Physical books, Kimball says, will always be a major part of that equation, but the role is encompassing more."Libraries are also helping patrons create content," she says, "rather than just being the place where you consume published works." 
 
The Ann Arbor District Library is no stranger to this concept. A new library service allows members to check out musical equipment, from electric bagpipes to an LED synthesizer. Other innovative services include the ability to check out energy meters, science kits and art prints. 
 
According to Madison Public Library Foundation Executive Director Jenni Collins, who is now buttoning up a $9 million fundraising campaign for a new $29.5 million library in Downtown Madison, the connection between flexible spaces and innovative library services lies in the inevitability that those services will continually grow and change. 
 
"Of course we're always going to have shelves with books on them," Collins says. "But we have a lot more seating areas and a media lab. And we're also asking, 'what are we going to need 15 years from now?'" 
 
Who could know? One way the new Madison library will facilitate this is with electricity access panels in the floor, so as the needs for any given space change, so can the space itself. Collins says that one of the greatest innovations for the new library, however, is notably simpler.
 
"In 2010 we had 350 public meetings at the library," Collins says. "And we didn't have a large meeting space in our library system. We have community wide events, like a film festival and book festival, and we can't participate the way we'd like to. That's a shame for a library to not be able to host a major author. Now, we are building 250-seat auditorium."
 
Ann Arbor resident and advocate for a new downtown library, Peter Baker, sees a similar obstacle at our own central branch, where space for larger meetings and events is limited.  

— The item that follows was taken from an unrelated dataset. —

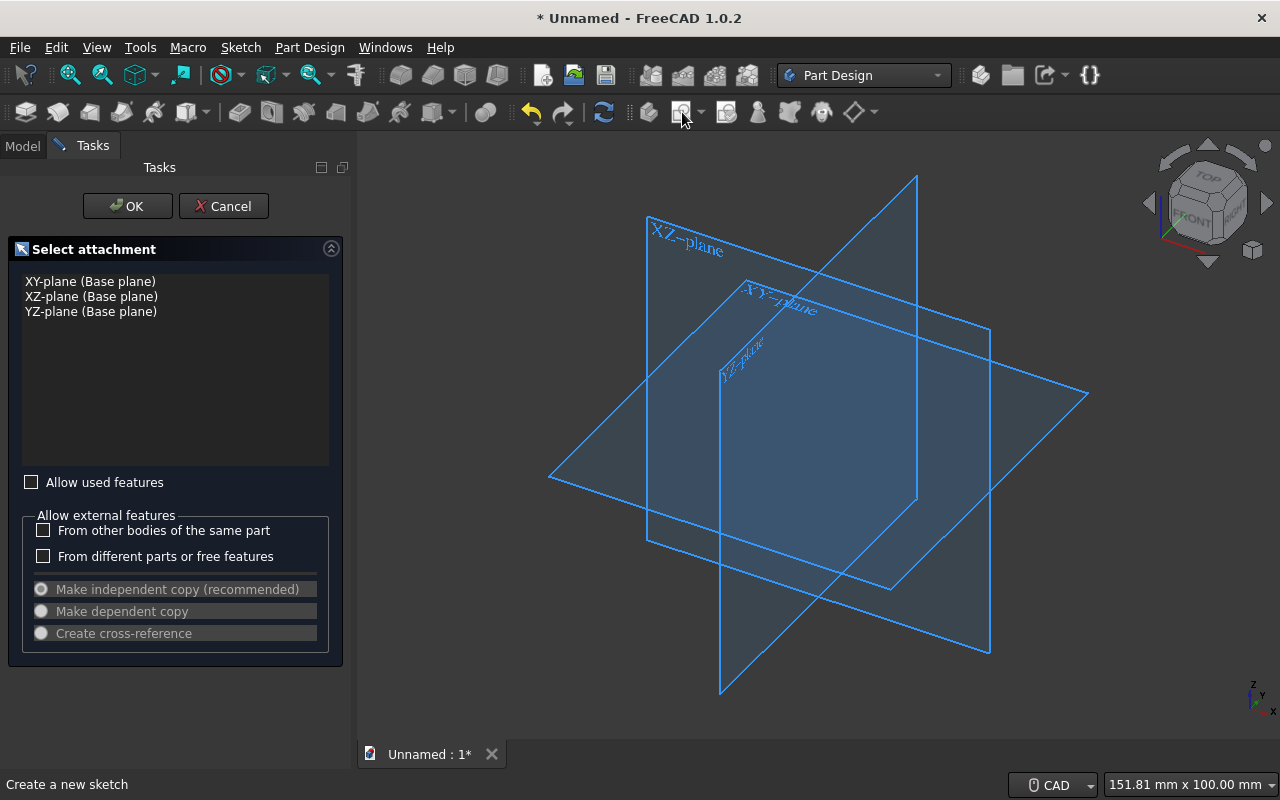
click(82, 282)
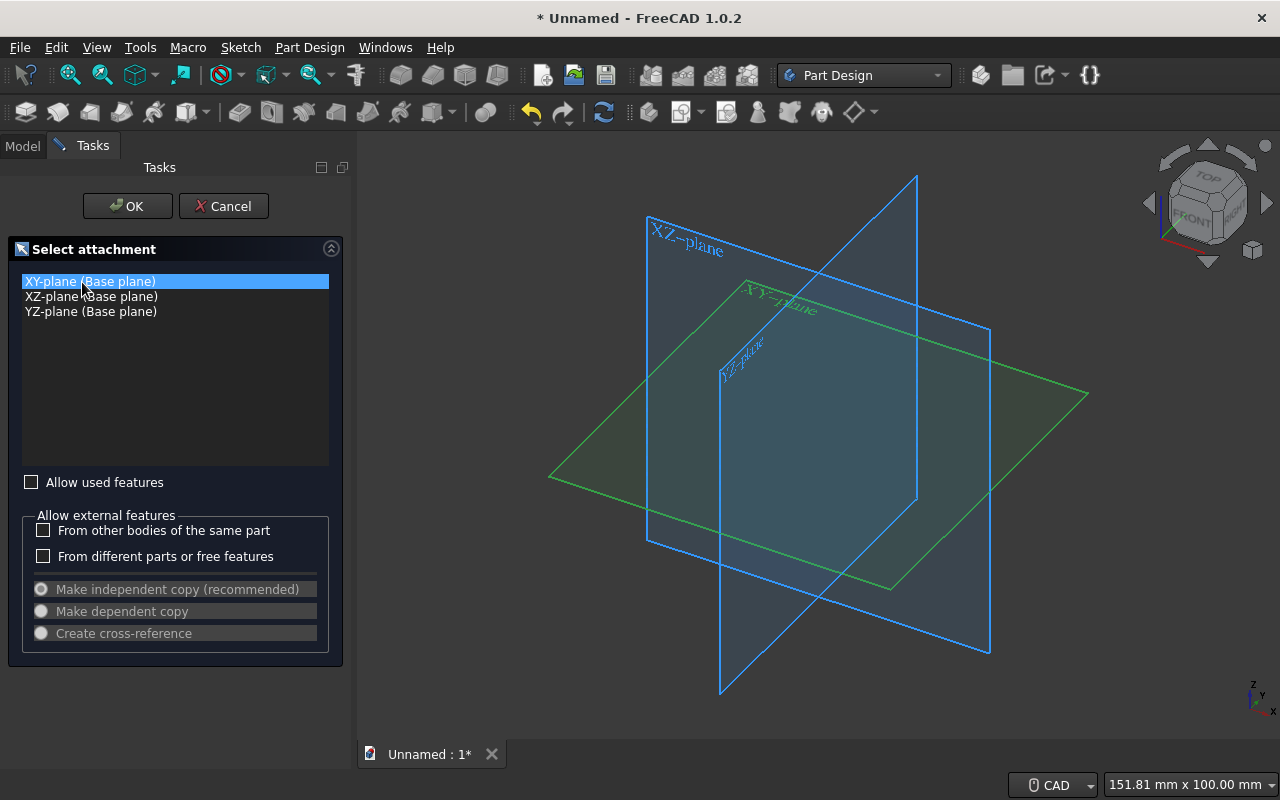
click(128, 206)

"There's talk of having an auditorium or meeting rooms…to have meetings that aren't necessarily profitable, commercial shows," he says. "Things that, quite frankly, used to take place at Borders. That's not there anymore. 
 
"The library is doing those things now, but is at capacity. When they have a popular author, if anything past 100 or so people come, they have to go in another room and watch it on closed caption television."
 
What have the larger, innovative buildings with flexible spaces and innovative services done for central libraries around the country? Collins expects the new building to double the annual visitors to the Madison Central Library, bringing in a million visitors. It's an estimate with precedent. In Des Moines, more than 220,000 people visited the new library between April and July after its opening in 2006, compared to 54,000 visitors during the same months in 2005. 
 
The new services and public spaces likely played a major role in those patronage spikes, but Collins says a library building's role in the community extends beyond the tangible walls and consumable services. 
 
"Out town is very conscious of civic infrastructure," she says. Collins feels the new library, which is due to open in September of 2013, will finally be an accurate symbol of Madison's priorities as a community. "The library is the center of our civic life."
 
In her personal opinion, Kimball feels Ann Arbor can relate.
 
"I think our public architecture are important symbolic statements," she says. "If we were able to say, 'look at this shining jewel,' of our library, that would say a lot about us as a community. It would say a lot about what Ann Arbor is and what we care about."
 
Whether its electric panels in the floor for increased flexibility, or simply innovative services that challenge patrons to be creators themselves, Baker says his ideal future library is one that can meet today's needs, as well as achieve goals no one may be yet able to anticipate.
 
"My kids are going to see the library as something very different from what my parent see," he says, "but it will be just as important." 

Natalie Burg is a freelance writer, the news editor for Capital Gains, and a regular contributor to Metromode and Concentrate.